Il existe de nombreuses formes d'obésités syndromiques ; les principales sont le syndrome de Prader-Willi, le syndrome de Bardet-Biedl et le syndrome de Cohen. Les enfants atteints du syndrome de Prader-Willi présentent une obésité apparaissant vers l'âge de 2 ou 3 ans avec une polyphagie, une impulsivité alimentaire et des accès de colère en cas de frustration alimentaire. Il existe un retard mental avec des difficultés d'apprentissage et des troubles du comportement. Le diagnostic peut être fait dès la naissance devant une hypotonie néonatale. La dysmorphie est caractérisée par des lèvres en chapeau de gendarme, des yeux en amande et de petites extrémités (acromicrie). Il existe souvent un hypogonadisme hypogonadotrope avec micropénis, ectopie testiculaire, ainsi qu'un retard statural. Le syndrome de Prader-Willi est une maladie rare, touchant 1 naissance/25 000, mais son diagnostic et sa prise en charge précoces sont importants. Le dépistage se fait par une étude de la méthylation, l'anomalie génétique de ce syndrome étant une délétion d'une partie du chromosome 15 paternel impliqué dans des phénomènes de méthylation.
Les signes cliniques caractérisant le syndrome de Bardet-Biedl sont une obésité apparaissant vers l'âge de 3 ou 4 ans, une rétinite pigmentaire, un retard mental modéré avec difficultés d'apprentissage, une polydactylie postaxiale fréquente, un hypogonadisme et des anomalies rénales à type de polykystose. Il concerne 1 naissance/150 000. Le syndrome de Cohen est encore plus rare, seule une centaine de cas ont été décrits en France. L'obésité est souvent moins sévère. La dysmorphie associe de grandes incisives, un nez proéminent, une microcéphalie, des extrémités fines. Sur le plan biologique, il existe une neutropénie sans déficit immunitaire.
Pour l'ensemble de ces syndromes génétiques, la prise en charge sera globale et multidisciplinaire, associant psychomotriciens, orthophonistes, neurologues, endocrinologues… Dans le syndrome de Prader-Willi, des mesures diététiques précoces et un traitement substitutif en hormone de croissance permettent d'améliorer la croissance staturale, de diminuer la masse grasse et d'améliorer le pronostic de ces enfants.
Les mutations du gène du récepteur de type IV aux mélanocortines (MC4R), impliqué dans le contrôle de l'homéostasie pondérale sont la forme la plus fréquente connue d'obésité d'origine génétique. Plus de 90 mutations différentes du gène de MC4R ont été décrites chez l'homme et ces mutations seraient responsables de 2 à 3 % des obésités de l'enfant et de l'adulte. Il s'agit d'une mutation à transmission autosomique dominante, à pénétrance incomplète. Il existe le plus souvent une histoire familiale d'obésité, avec des antécédents à chaque génération. Le degré de sévérité de l'obésité est variable, parfois il ne peut s'agir que d'un surpoids, et le rôle de l'environnement est important, raison pour laquelle on parle d'obésités oligogéniques. Il est difficile de les différencier des formes communes d'obésité précoce car il n'y a pas de signes cliniques spécifiques associés.

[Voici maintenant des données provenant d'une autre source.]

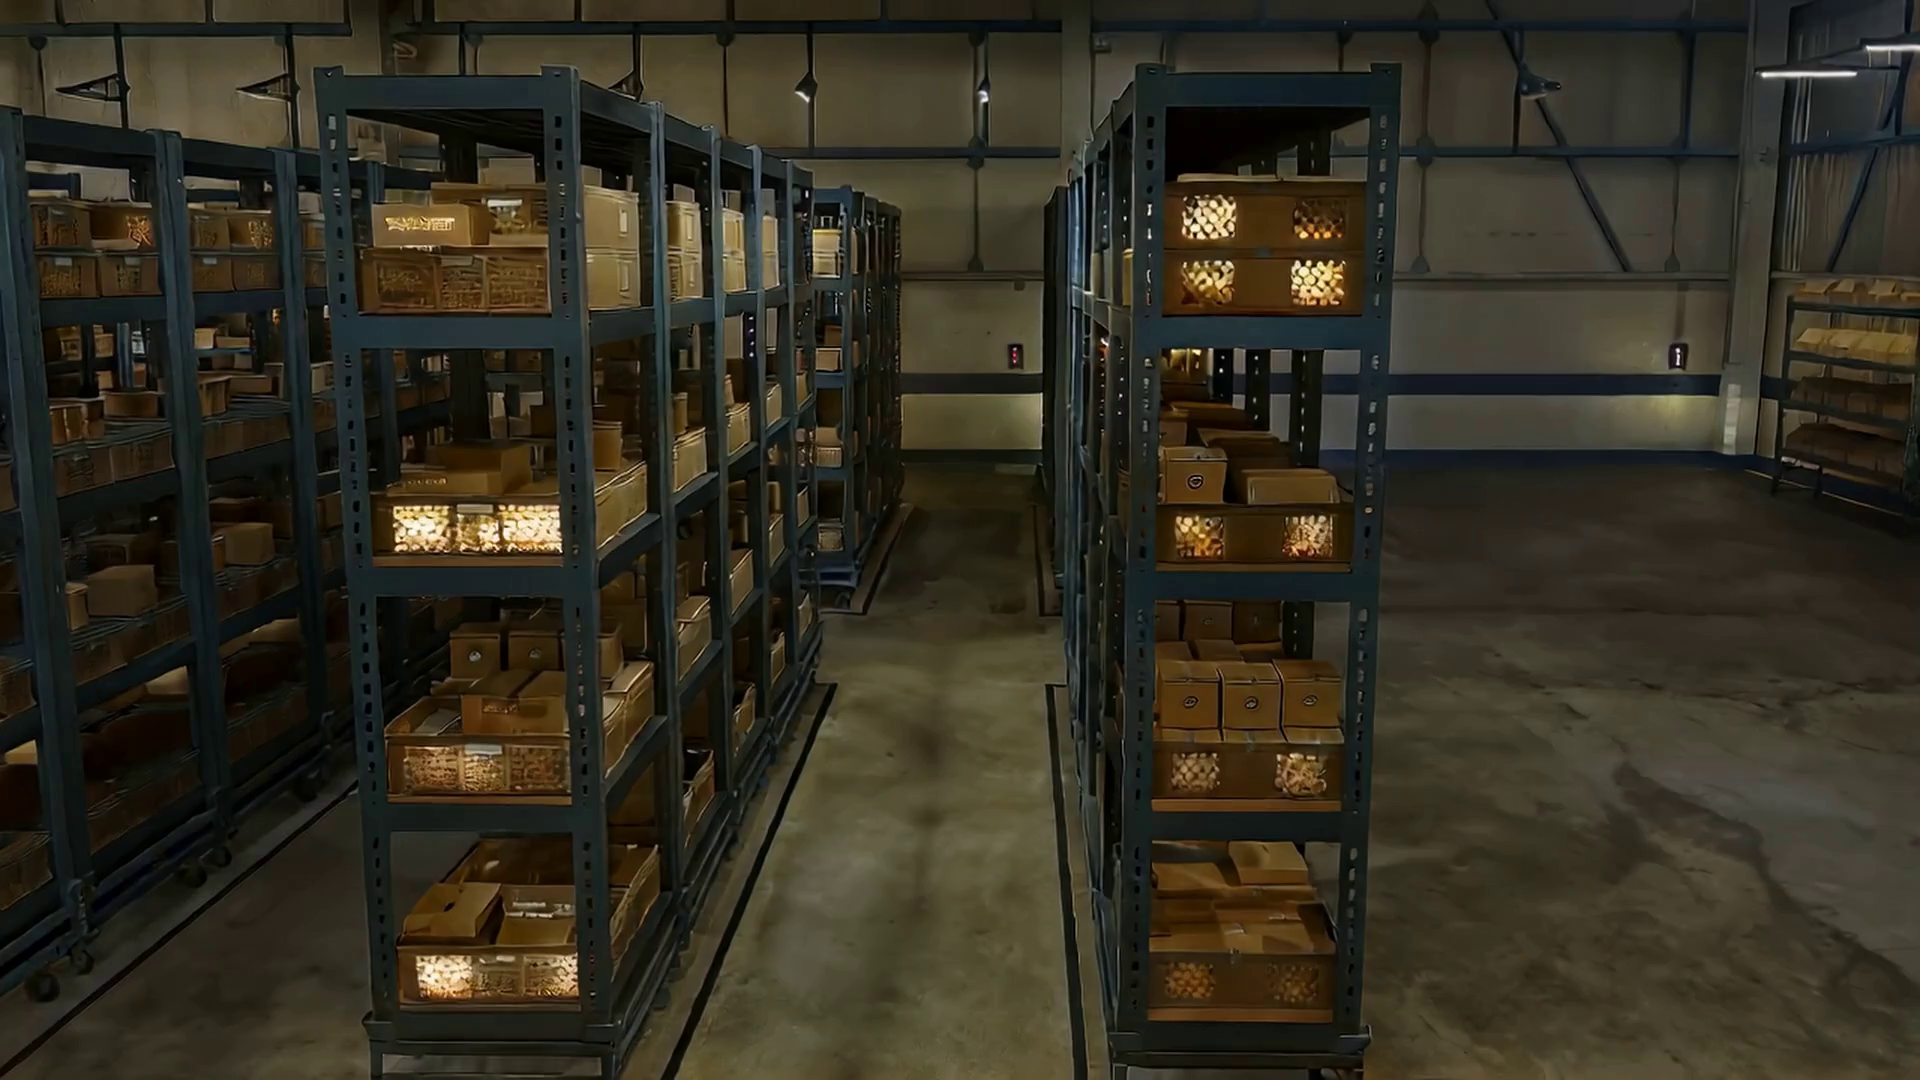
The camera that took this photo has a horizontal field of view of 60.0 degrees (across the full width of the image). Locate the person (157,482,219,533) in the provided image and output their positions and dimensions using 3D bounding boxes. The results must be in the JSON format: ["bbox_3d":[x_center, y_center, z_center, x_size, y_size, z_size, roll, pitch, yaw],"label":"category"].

Le diagnostic de cette mutation est actuellement fait dans un objectif de recherche clinique, son dépistage n'est pas systématique. Des traitements spécifiques de cette anomalie, notamment par des agonistes du récepteur, sont à l'étude. En cas de mise sur le marché de telles molécules, la question du dépistage systématique sera alors réévaluée.
D'après un entretien avec le Dr Béatrice Dubern, pédiatre, hôpital Armand-Trousseau, Paris.